The progress that has been made in Michigan's child welfare system could be put at risk by a ban on abortion in the wake of the Supreme Court's Roe decision. The effects "could add thousands more children to the system in the coming years and further stretch Michigan’s social services net," MLive quoted Ford School lecturer and former director for the state’s department of human services, Marianne Udow-Phillips.

“From all the research we have today, what it’s telling us is if total bans go into effect for women’s ability to have abortions, we’re going to see significant increases in the number of children who end up in an already overburdened child welfare system," she said.
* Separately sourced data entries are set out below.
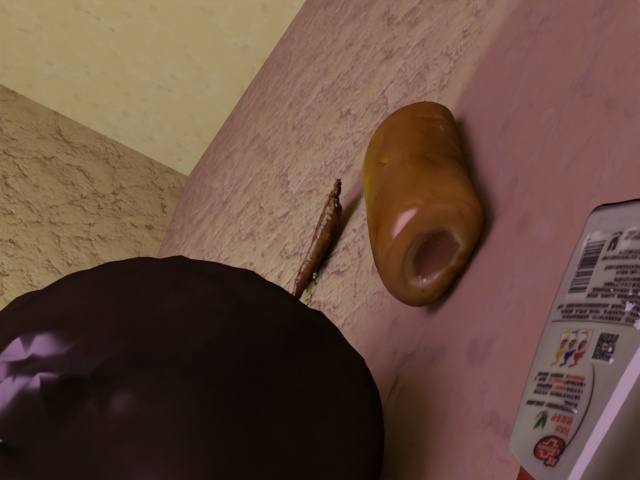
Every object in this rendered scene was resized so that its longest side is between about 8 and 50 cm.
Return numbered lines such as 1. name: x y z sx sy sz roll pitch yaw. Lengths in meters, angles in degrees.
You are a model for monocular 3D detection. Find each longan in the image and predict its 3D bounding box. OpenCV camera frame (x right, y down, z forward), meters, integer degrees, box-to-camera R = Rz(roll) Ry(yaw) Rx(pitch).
1. longan: -0.166 0.220 0.909 0.435 0.404 0.404 -56 16 19

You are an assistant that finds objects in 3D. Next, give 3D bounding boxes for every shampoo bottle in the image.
1. shampoo bottle: 0.168 0.111 0.582 0.284 0.071 0.153 -68 17 -8

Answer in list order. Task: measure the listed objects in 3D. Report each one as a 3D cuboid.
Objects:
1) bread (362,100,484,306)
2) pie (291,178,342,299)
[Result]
1. bread: 0.099 -0.054 1.074 0.305 0.091 0.142 -91 25 -62
2. pie: -0.001 0.001 1.433 0.088 0.033 0.191 -132 63 -83
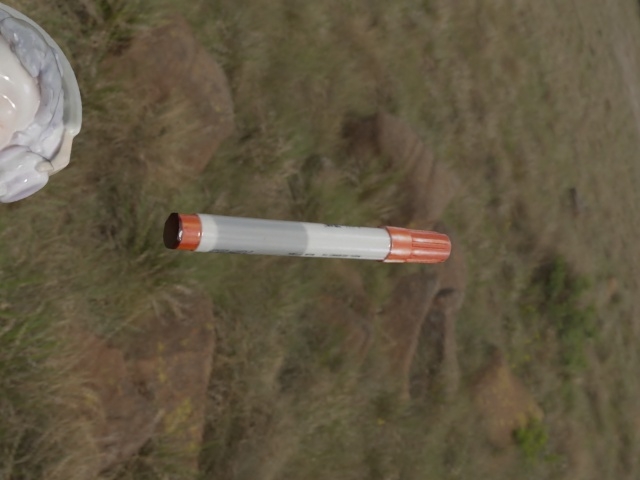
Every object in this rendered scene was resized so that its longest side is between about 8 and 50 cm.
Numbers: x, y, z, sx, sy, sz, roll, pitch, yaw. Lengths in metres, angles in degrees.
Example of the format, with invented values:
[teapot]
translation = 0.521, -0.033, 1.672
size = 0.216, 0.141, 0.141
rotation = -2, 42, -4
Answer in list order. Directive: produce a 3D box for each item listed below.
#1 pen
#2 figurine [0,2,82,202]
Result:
[pen]
translation = 0.000, 0.000, 0.685
size = 0.239, 0.028, 0.028
rotation = 3, 69, -36
[figurine]
translation = -0.256, -0.091, 0.658
size = 0.162, 0.141, 0.237
rotation = 52, 43, -8
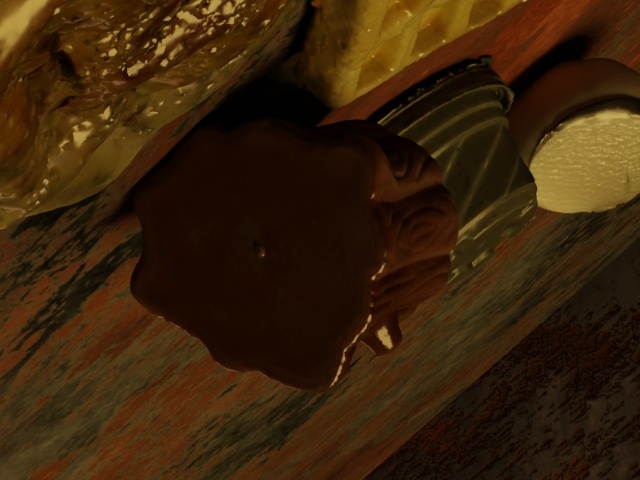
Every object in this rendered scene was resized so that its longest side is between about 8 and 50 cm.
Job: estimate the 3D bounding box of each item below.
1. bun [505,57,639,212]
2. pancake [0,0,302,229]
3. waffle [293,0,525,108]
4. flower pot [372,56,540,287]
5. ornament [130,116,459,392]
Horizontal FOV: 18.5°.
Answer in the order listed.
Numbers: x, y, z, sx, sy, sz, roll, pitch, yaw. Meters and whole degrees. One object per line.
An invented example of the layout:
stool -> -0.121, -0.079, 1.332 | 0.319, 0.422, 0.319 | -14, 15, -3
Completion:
bun -> 0.261, -0.117, 2.002 | 0.173, 0.120, 0.173 | -11, 139, -10
pancake -> -0.123, -0.116, 1.155 | 0.387, 0.082, 0.387 | -38, 169, -9
waffle -> 0.107, -0.208, 1.467 | 0.274, 0.057, 0.168 | -30, 164, -26
flower pot -> 0.111, -0.044, 1.838 | 0.235, 0.140, 0.235 | -36, 168, -9
ornament -> 0.000, 0.000, 1.568 | 0.235, 0.221, 0.217 | -34, 172, 23
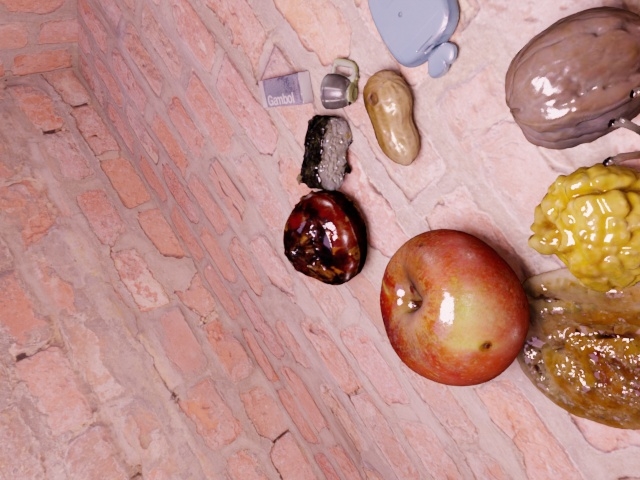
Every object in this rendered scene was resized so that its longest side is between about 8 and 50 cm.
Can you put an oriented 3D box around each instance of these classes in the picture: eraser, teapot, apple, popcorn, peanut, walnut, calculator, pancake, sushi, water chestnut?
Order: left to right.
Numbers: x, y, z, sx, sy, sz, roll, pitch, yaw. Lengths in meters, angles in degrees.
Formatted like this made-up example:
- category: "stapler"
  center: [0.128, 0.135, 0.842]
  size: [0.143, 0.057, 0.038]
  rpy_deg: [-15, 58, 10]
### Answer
- category: "eraser"
  center: [-0.111, -0.465, 1.348]
  size: [0.212, 0.046, 0.092]
  rpy_deg: [12, 120, 46]
- category: "water chestnut"
  center: [0.000, 0.000, 1.306]
  size: [0.299, 0.299, 0.301]
  rpy_deg: [28, 131, 38]
- category: "sushi"
  center: [0.019, -0.253, 1.259]
  size: [0.114, 0.147, 0.213]
  rpy_deg: [18, 107, 51]
- category: "teapot"
  center: [0.054, -0.411, 1.151]
  size: [0.090, 0.092, 0.124]
  rpy_deg: [13, 129, 27]
- category: "peanut"
  center: [0.178, -0.294, 1.053]
  size: [0.120, 0.110, 0.237]
  rpy_deg: [-10, 105, 43]
- category: "calculator"
  center: [0.202, -0.501, 0.955]
  size: [0.188, 0.042, 0.303]
  rpy_deg: [-37, 78, 52]
- category: "apple"
  center: [0.300, 0.151, 0.991]
  size: [0.348, 0.276, 0.350]
  rpy_deg: [-174, 90, -67]
- category: "walnut"
  center: [0.420, -0.261, 0.708]
  size: [0.224, 0.224, 0.225]
  rpy_deg: [28, 131, 38]
- category: "popcorn"
  center: [0.478, -0.019, 0.773]
  size: [0.202, 0.201, 0.226]
  rpy_deg: [-5, 147, 33]
- category: "pancake"
  center: [0.577, 0.227, 0.903]
  size: [0.386, 0.082, 0.388]
  rpy_deg: [22, 122, 39]

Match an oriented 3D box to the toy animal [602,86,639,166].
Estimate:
- category: "toy animal"
  center: [0.549, -0.129, 0.612]
  size: [0.259, 0.087, 0.244]
  rpy_deg: [14, 139, 4]
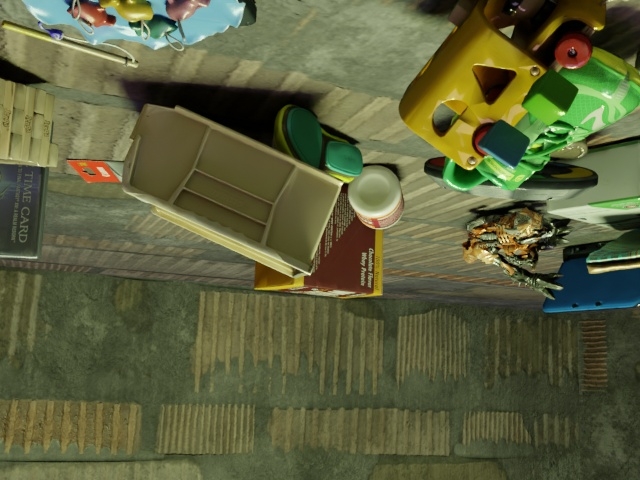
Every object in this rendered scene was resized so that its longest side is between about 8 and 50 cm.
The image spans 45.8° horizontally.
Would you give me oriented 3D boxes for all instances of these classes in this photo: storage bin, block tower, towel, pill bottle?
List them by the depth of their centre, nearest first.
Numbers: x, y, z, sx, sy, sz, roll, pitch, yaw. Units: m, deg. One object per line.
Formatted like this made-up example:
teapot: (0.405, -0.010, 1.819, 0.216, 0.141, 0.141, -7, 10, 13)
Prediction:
block tower: (-0.410, -0.138, 0.779, 0.091, 0.097, 0.335, 7, -179, 17)
storage bin: (-0.119, -0.058, 1.011, 0.260, 0.123, 0.262, 24, 175, -3)
towel: (0.590, -0.018, 1.167, 0.271, 0.040, 0.370, -12, -178, 36)
pill bottle: (0.096, -0.066, 1.262, 0.086, 0.086, 0.152, 1, 170, 10)

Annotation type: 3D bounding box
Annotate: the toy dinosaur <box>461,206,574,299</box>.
toy dinosaur: (0.384, -0.001, 1.539, 0.218, 0.164, 0.322, 20, -175, -13)

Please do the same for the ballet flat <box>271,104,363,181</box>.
ballet flat: (-0.020, -0.121, 1.016, 0.077, 0.077, 0.231, 0, 172, 27)

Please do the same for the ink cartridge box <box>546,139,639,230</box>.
ink cartridge box: (0.457, -0.075, 1.121, 0.208, 0.086, 0.153, 9, 169, -38)

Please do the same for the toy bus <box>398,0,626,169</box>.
toy bus: (0.151, -0.161, 0.632, 0.104, 0.202, 0.191, 34, 173, -6)

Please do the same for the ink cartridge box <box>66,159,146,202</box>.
ink cartridge box: (-0.332, -0.098, 1.311, 0.179, 0.045, 0.145, 0, 170, -3)

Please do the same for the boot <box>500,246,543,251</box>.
boot: (0.448, 0.010, 1.753, 0.118, 0.042, 0.087, -3, 167, 26)

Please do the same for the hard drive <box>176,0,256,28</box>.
hard drive: (-0.117, -0.216, 0.635, 0.094, 0.022, 0.135, 0, 170, 12)

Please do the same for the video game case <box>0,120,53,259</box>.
video game case: (-0.508, -0.079, 1.010, 0.274, 0.196, 0.026, 4, 172, -8)

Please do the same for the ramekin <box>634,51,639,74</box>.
ramekin: (0.417, -0.134, 0.732, 0.207, 0.109, 0.207, 2, 170, 0)

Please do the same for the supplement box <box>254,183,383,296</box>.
supplement box: (0.000, 0.000, 1.360, 0.194, 0.191, 0.129, 9, 169, -35)

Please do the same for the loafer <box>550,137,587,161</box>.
loafer: (0.284, -0.125, 0.925, 0.056, 0.050, 0.148, 3, -178, -4)

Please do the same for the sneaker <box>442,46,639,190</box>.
sneaker: (0.230, -0.114, 0.811, 0.109, 0.123, 0.295, 27, 163, -13)

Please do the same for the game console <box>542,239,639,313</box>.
game console: (0.704, 0.087, 1.753, 0.250, 0.173, 0.293, 8, 169, -29)

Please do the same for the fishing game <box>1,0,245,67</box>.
fishing game: (-0.156, -0.189, 0.620, 0.264, 0.041, 0.189, -6, 169, 42)

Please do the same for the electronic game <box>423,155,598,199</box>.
electronic game: (0.255, -0.092, 1.024, 0.229, 0.048, 0.229, 2, -166, -1)
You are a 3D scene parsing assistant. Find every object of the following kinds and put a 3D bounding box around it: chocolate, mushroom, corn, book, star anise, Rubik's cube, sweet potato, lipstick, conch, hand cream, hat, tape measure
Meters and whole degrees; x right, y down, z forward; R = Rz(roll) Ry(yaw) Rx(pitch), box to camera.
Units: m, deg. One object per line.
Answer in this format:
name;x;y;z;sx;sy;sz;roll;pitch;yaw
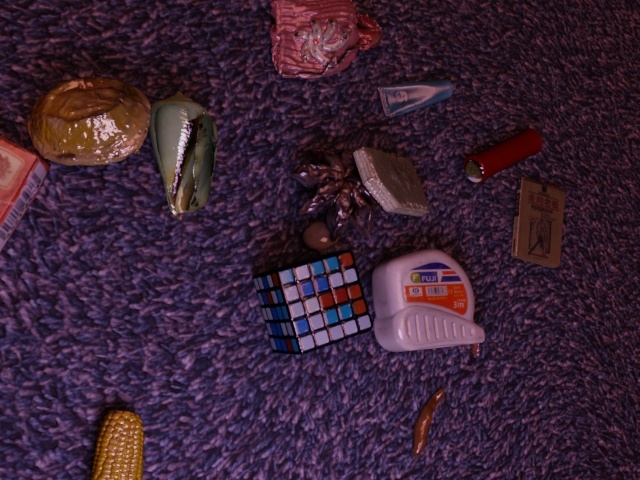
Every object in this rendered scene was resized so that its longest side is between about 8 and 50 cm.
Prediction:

If an abortion ban were implemented, “We’re going to see more children who are born into situations where their families are not prepared to take care of them,” she said. “We don’t have supports in the state to help those families to the degree that they need it. We already have an overburden child welfare system, and I think more children will end up there.”

“Already, in the existing system, our case workers don’t feel they have the resources and tools to protect and make sure children already in the system are safe," she said.

Ford school professor Paula Lantz noted that by criminalizing abortion services, many of those thousands of women will have babies they and their families, as well as the already beleaguered social safety net and child welfare systems, are not equipped to absorb and handle. "We don’t have the capacity to handle the demand right now,” she said.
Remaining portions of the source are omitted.